在学中、関西汽船はよく利用した。乗るのはほとんど夜行船で、夕方、松山高浜港から乗船すれば翌朝6時頃に大阪南港に着いたし、逆航路も大体時間帯は同じぐらいだった。
二等船室は箱で囲われた10畳程の広さがあっただろうか、そうした囲いがいくつかあり、薄汚れた絨毯敷の上で毛布1枚を掛けての雑魚寝だったが、辛うじて横になって眠られるのと船賃が安いのとで、幾度か乗り継がなければならない列車より、寝ている間に着く船便の方をよく利用した。
関西汽船が順調だったのは1967年頃までで、別府温泉が新婚旅行客等で賑わった頃と軌を一にし、関西方面から別府へ旅行客をどんどん運んでいたが、その後の経営は苦しく経営母体がくるくる変わっていく。
時代が急速にモータリゼーション化していき、車が乗船できない船客中心の船からは客足が遠のいていく。その後、フェリーを就航させ、経営の立て直しを図ろうとしたが、参入が他社に比べ遅かったことと、乗用車50台のみでトラックの乗船がなかったことなどの判断ミスもあり再建は思うように進まず、来島どっくに再建を託すことになる。
その来島どっくも造船不況や韓国の台頭、円高などによりグループの収益は悪化し、1986年に経営破綻した。翌87年に造船事業は新来島どっくに譲渡され現在に至っているが、新来島どっくのHP内の「会社沿革」には来島どっくのことは1902年創業、1949年来島船渠株式会社を設立、1966年新社名を株式会社来島どっくに変更の文字が見えるだけで、坪内寿夫氏の名前はどこにも見当たらない。
当時、「再建王」「四国の大将」(柴田錬三郎が坪内寿夫をモデルにした小説「大将」を1970年に発行している)と呼ばれ、晩年は乞われて佐世保重工業の再建を成した人物ということを考えると、この扱いはちょっと寂しい。
後年、来島どっくが経営破綻したことで、それまで「再建王」と持て囃された坪内寿夫氏の評価は晩年、掌を返したように言われ、今では人の口に上ることも殆どないが、もう少し客観的に評価し直されてもいいのではと思う。

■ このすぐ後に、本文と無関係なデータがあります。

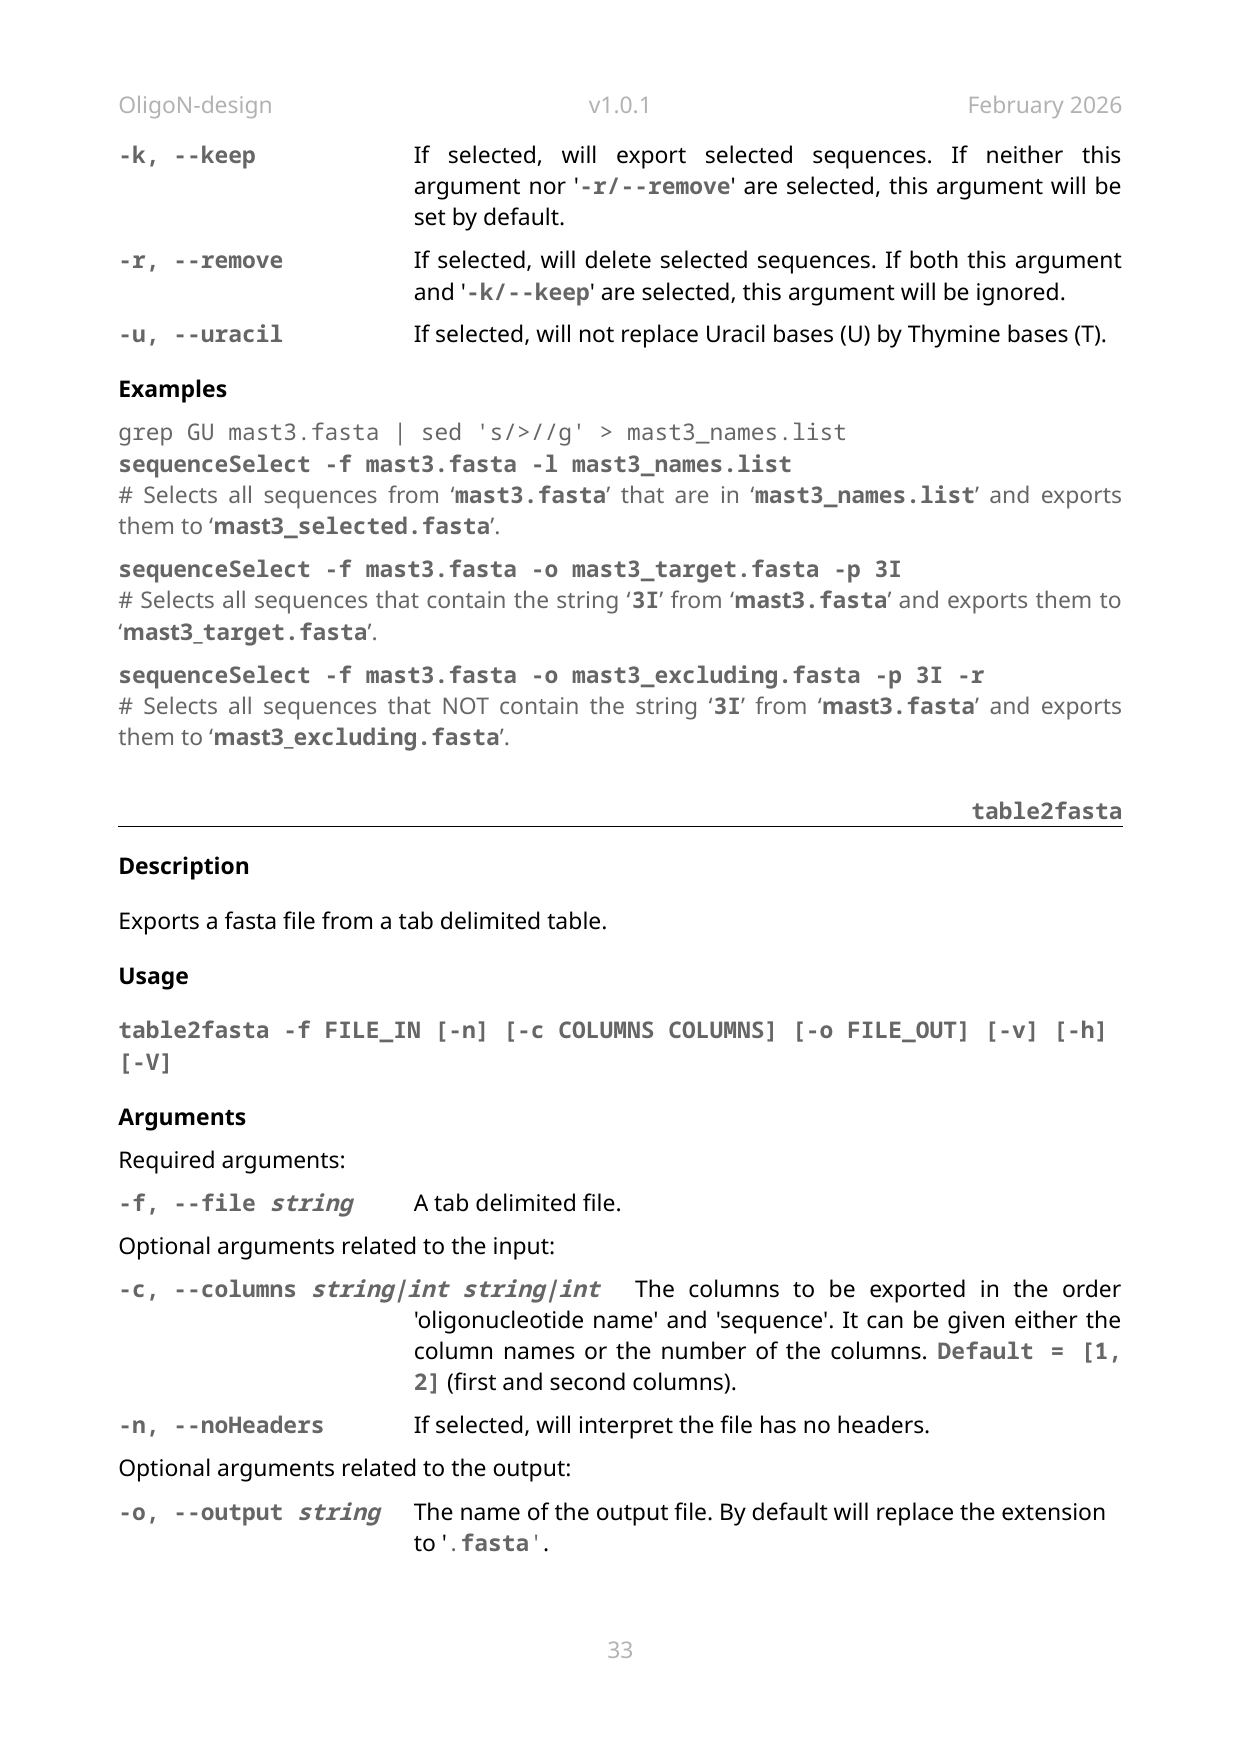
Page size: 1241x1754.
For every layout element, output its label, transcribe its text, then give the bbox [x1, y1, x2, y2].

text Usage [118, 960, 1122, 991]
text sequenceSelect -f mast3.fasta -l mast3_names.list [118, 447, 1122, 479]
text -u, --uracil If selected, will not replace Uracil bases (U) by Thymine bases (T). [118, 318, 1122, 350]
text # Selects all sequences that NOT contain the string ‘3I’ from ‘mast3.fasta’ and exports them to ‘mast3_excluding.fasta’. [118, 690, 1122, 752]
text -r, --remove If selected, will delete selected sequences. If both this argument and '-k/--keep' are selected, this argument will be ignored. [118, 244, 1122, 307]
text # Selects all sequences from ‘mast3.fasta’ that are in ‘mast3_names.list’ and exports them to ‘mast3_selected.fasta’. [118, 479, 1122, 541]
text -f, --file string A tab delimited file. [118, 1187, 1122, 1218]
text Required arguments: [118, 1143, 1122, 1175]
text -k, --keep If selected, will export selected sequences. If neither this argument nor '-r/--remove' are selected, this argument will be set by default. [118, 139, 1122, 232]
text Optional arguments related to the input: [118, 1229, 1122, 1261]
text grep GU mast3.fasta | sed 's/>//g' > mast3_names.list [118, 416, 1122, 447]
text -o, --output string The name of the output file. By default will replace the extension to '.fasta'. [118, 1495, 1122, 1558]
text sequenceSelect -f mast3.fasta -o mast3_excluding.fasta -p 3I -r [118, 658, 1122, 690]
text Examples [118, 373, 1122, 404]
text -n, --noHeaders If selected, will interpret the file has no headers. [118, 1409, 1122, 1441]
text -c, --columns string|int string|int The columns to be exported in the order 'oligonucleotide name' and 'sequence'. It can be given either the column names or the number of the columns. Default = [1, 2] (first and second columns). [118, 1273, 1122, 1398]
text Arguments [118, 1101, 1122, 1132]
text table2fasta [118, 795, 1122, 826]
text sequenceSelect -f mast3.fasta -o mast3_target.fasta -p 3I [118, 553, 1122, 584]
text table2fasta -f FILE_IN [-n] [-c COLUMNS COLUMNS] [-o FILE_OUT] [-v] [-h] [-V] [118, 1014, 1122, 1077]
text # Selects all sequences that contain the string ‘3I’ from ‘mast3.fasta’ and exports them to ‘mast3_target.fasta’. [118, 584, 1122, 647]
text Optional arguments related to the output: [118, 1452, 1122, 1484]
text Description [118, 850, 1122, 881]
text Exports a fasta file from a tab delimited table. [118, 905, 1122, 936]
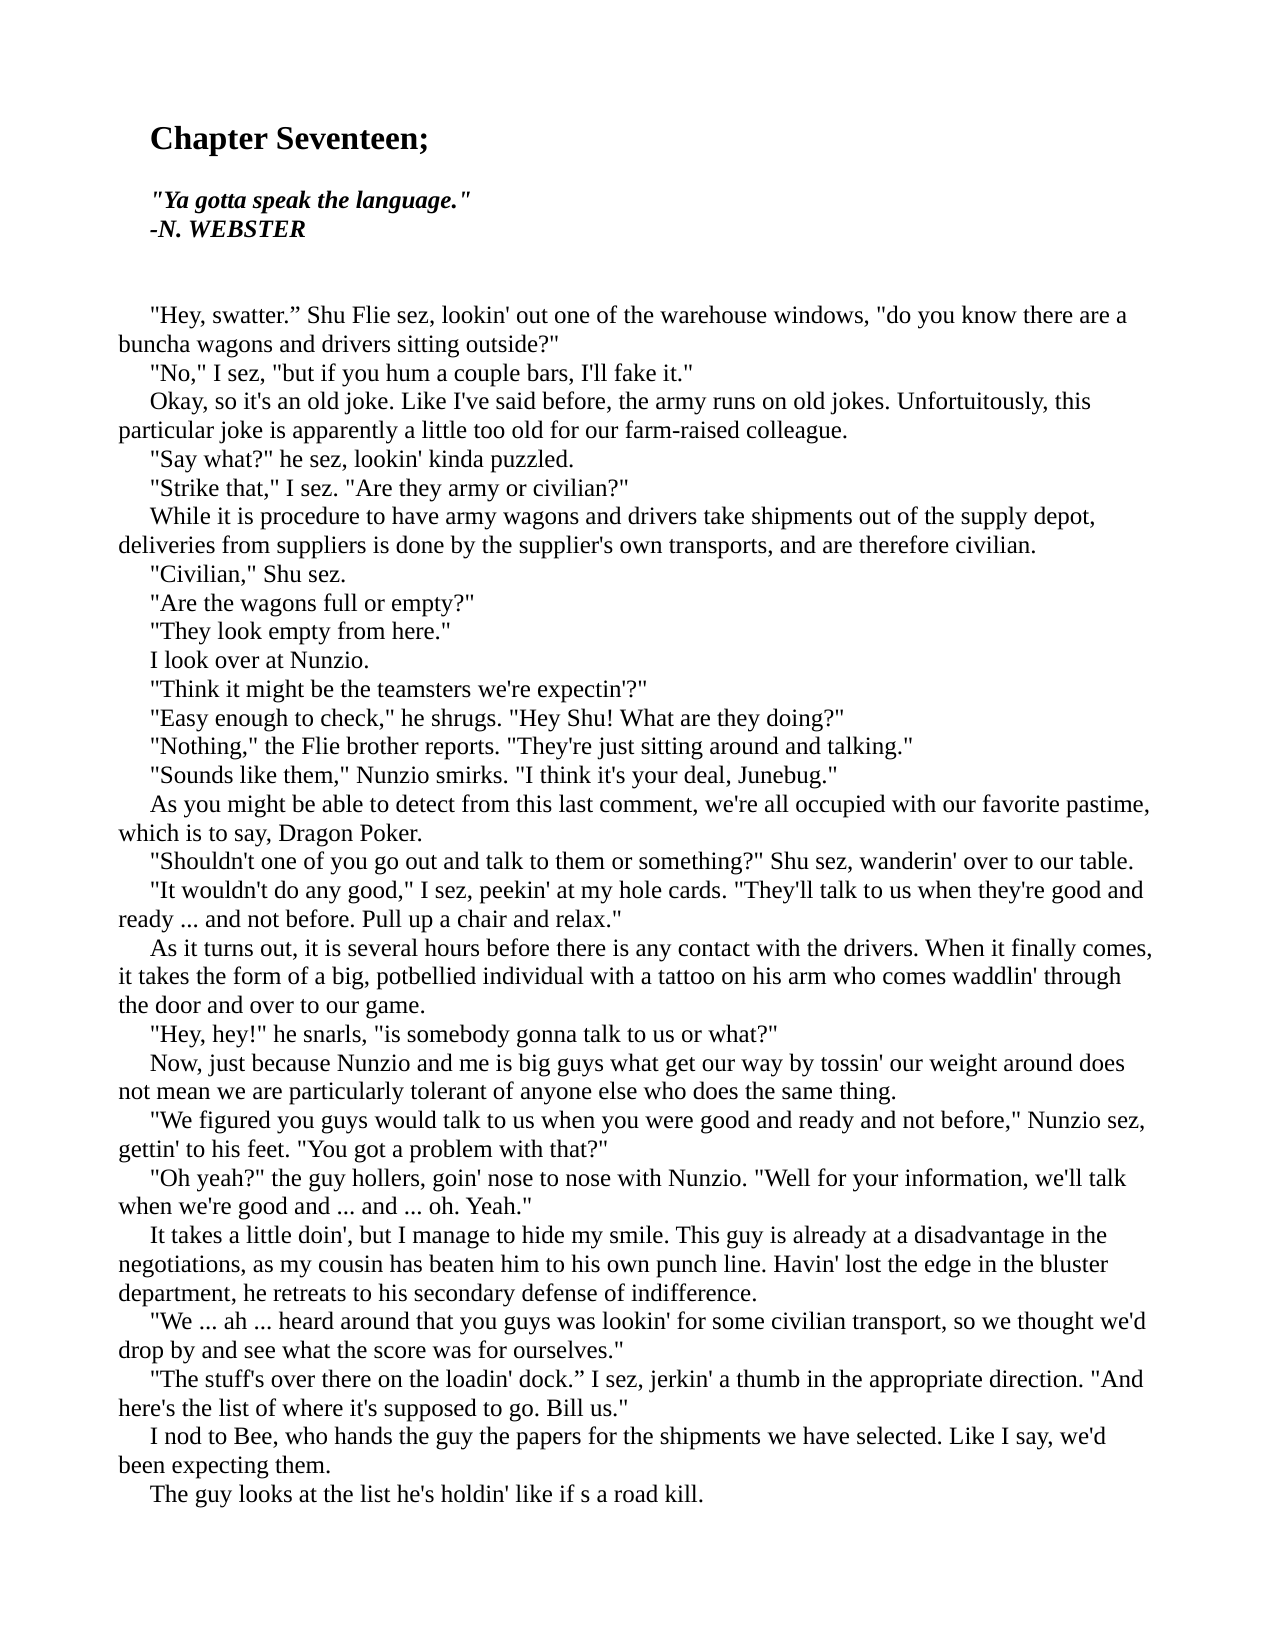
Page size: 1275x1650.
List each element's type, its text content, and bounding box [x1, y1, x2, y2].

text "Civilian," Shu sez. [118, 559, 1157, 588]
text As you might be able to detect from this last comment, we're all occupied with our favorite pastime, which is to say, Dragon Poker. [118, 789, 1157, 846]
text Now, just because Nunzio and me is big guys what get our way by tossin' our weight around does not mean we are particularly tolerant of anyone else who does the same thing. [118, 1048, 1157, 1105]
text While it is procedure to have army wagons and drivers take shipments out of the supply depot, deliveries from suppliers is done by the supplier's own transports, and are therefore civilian. [118, 501, 1157, 559]
text "No," I sez, "but if you hum a couple bars, I'll fake it." [118, 358, 1157, 386]
text "It wouldn't do any good," I sez, peekin' at my hole cards. "They'll talk to us when they're good and ready ... and not before. Pull up a chair and relax." [118, 875, 1157, 933]
text "Nothing," the Flie brother reports. "They're just sitting around and talking." [118, 731, 1157, 760]
text "We ... ah ... heard around that you guys was lookin' for some civilian transport, so we thought we'd drop by and see what the score was for ourselves." [118, 1306, 1157, 1364]
subtitle Chapter Seventeen; [118, 118, 1157, 156]
text It takes a little doin', but I manage to hide my smile. This guy is already at a disadvantage in the negotiations, as my cousin has beaten him to his own punch line. Havin' lost the edge in the bluster department, he retreats to his secondary defense of indifference. [118, 1220, 1157, 1306]
text "Strike that," I sez. "Are they army or civilian?" [118, 473, 1157, 501]
text "We figured you guys would talk to us when you were good and ready and not before," Nunzio sez, gettin' to his feet. "You got a problem with that?" [118, 1105, 1157, 1163]
text Okay, so it's an old joke. Like I've said before, the army runs on old jokes. Unfortuitously, this particular joke is apparently a little too old for our farm-raised colleague. [118, 386, 1157, 444]
text "Think it might be the teamsters we're expectin'?" [118, 674, 1157, 703]
text "Are the wagons full or empty?" [118, 588, 1157, 616]
text "The stuff's over there on the loadin' dock.” I sez, jerkin' a thumb in the appropriate direction. "And here's the list of where it's supposed to go. Bill us." [118, 1364, 1157, 1421]
text I nod to Bee, who hands the guy the papers for the shipments we have selected. Like I say, we'd been expecting them. [118, 1421, 1157, 1479]
text "Hey, swatter.” Shu Flie sez, lookin' out one of the warehouse windows, "do you know there are a buncha wagons and drivers sitting outside?" [118, 300, 1157, 358]
text "They look empty from here." [118, 616, 1157, 645]
text "Say what?" he sez, lookin' kinda puzzled. [118, 444, 1157, 473]
text "Ya gotta speak the language." [118, 185, 1157, 214]
text I look over at Nunzio. [118, 645, 1157, 674]
text "Oh yeah?" the guy hollers, goin' nose to nose with Nunzio. "Well for your information, we'll talk when we're good and ... and ... oh. Yeah." [118, 1163, 1157, 1220]
text As it turns out, it is several hours before there is any contact with the drivers. When it finally comes, it takes the form of a big, potbellied individual with a tattoo on his arm who comes waddlin' through the door and over to our game. [118, 933, 1157, 1019]
text "Shouldn't one of you go out and talk to them or something?" Shu sez, wanderin' over to our table. [118, 846, 1157, 875]
text "Hey, hey!" he snarls, "is somebody gonna talk to us or what?" [118, 1019, 1157, 1048]
text "Easy enough to check," he shrugs. "Hey Shu! What are they doing?" [118, 703, 1157, 731]
text The guy looks at the list he's holdin' like if s a road kill. [118, 1479, 1157, 1508]
text -N. WEBSTER [118, 214, 1157, 243]
text "Sounds like them," Nunzio smirks. "I think it's your deal, Junebug." [118, 760, 1157, 789]

人間成功すると経営者であれ都知事であれ、立派な本社社屋を建設したがるが、来島どっくの本社はボロ社屋のままだった。稼いでいるのは現場で、現場の人間には厚くし、現場の稼ぎで食わしてもらっている管理部門が贅沢をすることは許さなかった。
また信賞必罰も徹底しており(多少徹底過ぎたところはあるが)、年功序列が当たり前だった時代に、今では当たり前になっている制度を時代に先駆けて導入していた経営手腕も再評価されるべきと思うし、犯罪者の社会復帰にも熱心に取り組み、傘下企業に出所者を多数受け入れてもいた。
1961年に來島船渠大西工場敷地内に「塀のない刑務所」として知られる松山刑務所大井造船作業場を作ったことでも知られる。そのことも関係あるのだろうが、松山刑務所では就寝前に来島どっくを称える歌が流されていた。当時は両者の関係も知らず、なぜ就寝時に毎回、変な歌が流れるのか不思議に感じていたが。